Cruelty-free craze dominates the fashion trend
The fashion consumes as many animals as people eat. Until now, inhumane atrocities have been conducted to obtain quality leather in the process of collecting animal raw materials. However, some people who reflect on themselves think humans are unethical when exploiting animals, and the movement to pursue animal-friendly consumption has expanded to vegan fashion. Vegan fashion is an ethical, eco-friendly, and sustainable fashion product, and one of them is cruelty-free. This is a product that does not conduct animal experiments and does not use animal raw materials. It is also an ethical commitment not to use pain for coexistence with animals. Not Ours, the first domestic vegan brand, contains concerns about sustainable living through the name “Not Ours.” It seems to be interested in everything that connects to the entire process of a single product coming into the world and being discarded. It is even conscious of minor impact on the environment, such as delivery boxes and the tapes used to seal products. The slogan cruelty-free is put forward to end the pain of fur animals. It also led to a positive response by planning to change consumers’ perception of artificial fur products attractively by conducting campaigns for animals and the environment.

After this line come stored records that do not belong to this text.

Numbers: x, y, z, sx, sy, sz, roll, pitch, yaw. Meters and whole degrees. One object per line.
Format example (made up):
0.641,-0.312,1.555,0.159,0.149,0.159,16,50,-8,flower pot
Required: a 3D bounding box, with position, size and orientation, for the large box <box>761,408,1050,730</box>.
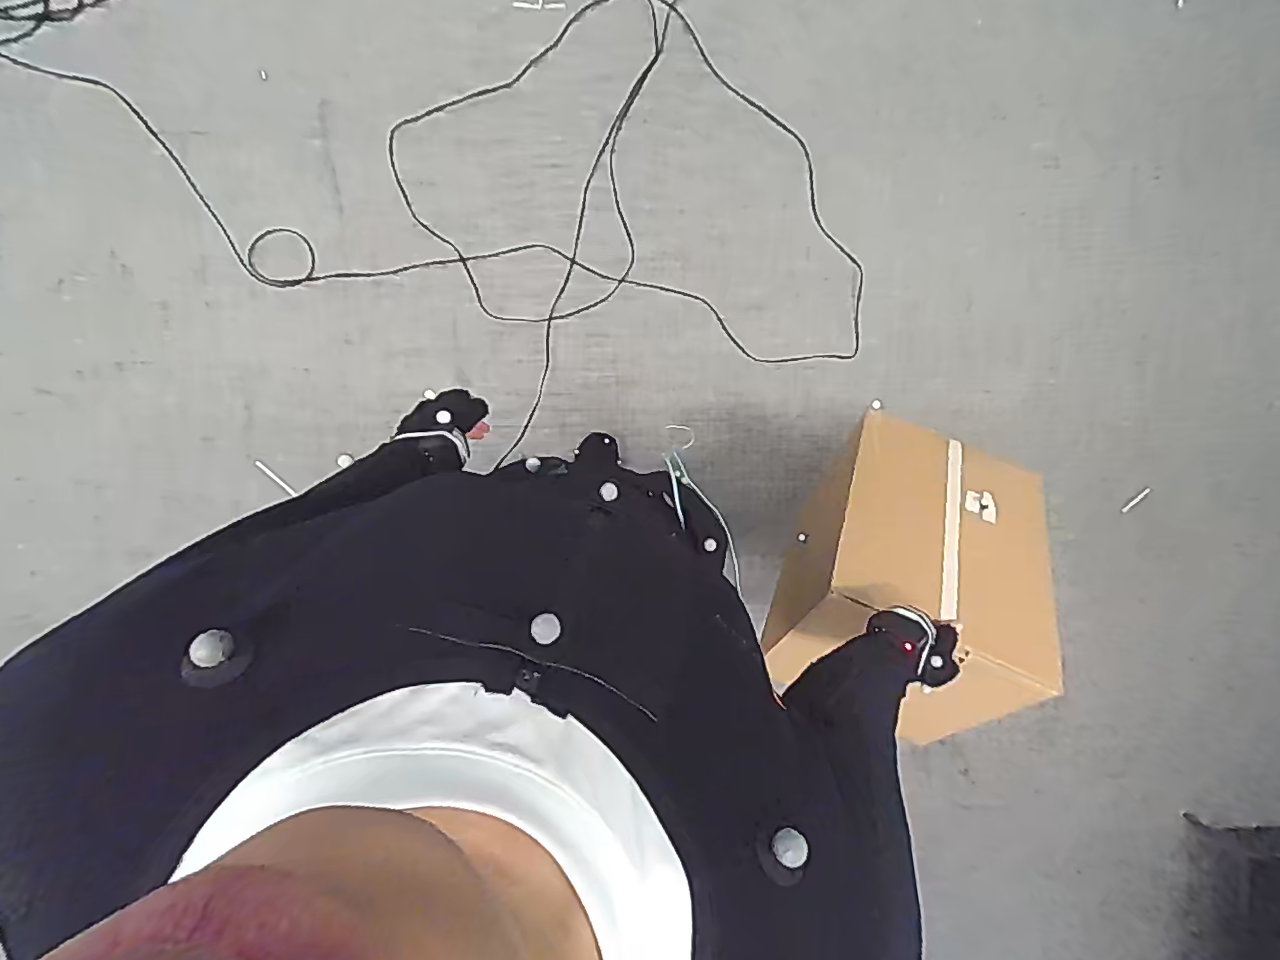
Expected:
0.443,0.153,0.957,0.320,0.320,0.408,24,51,6,large box

Today, called the era of consumption, is an era in which every member of our society has a significant influence on society by choosing where to spend their money. Their changes and movements can be an indirect but direct message to companies that continue animal testing. The value of the life of animals destroyed in animal experiments, and in clothes to wear is not much different from ours. Animals are not someone’s possession or material we can use. Lives that must be respected as individuals. Why do we not start using cruelty-free so that animals, people, and the environment can stay happy in the future?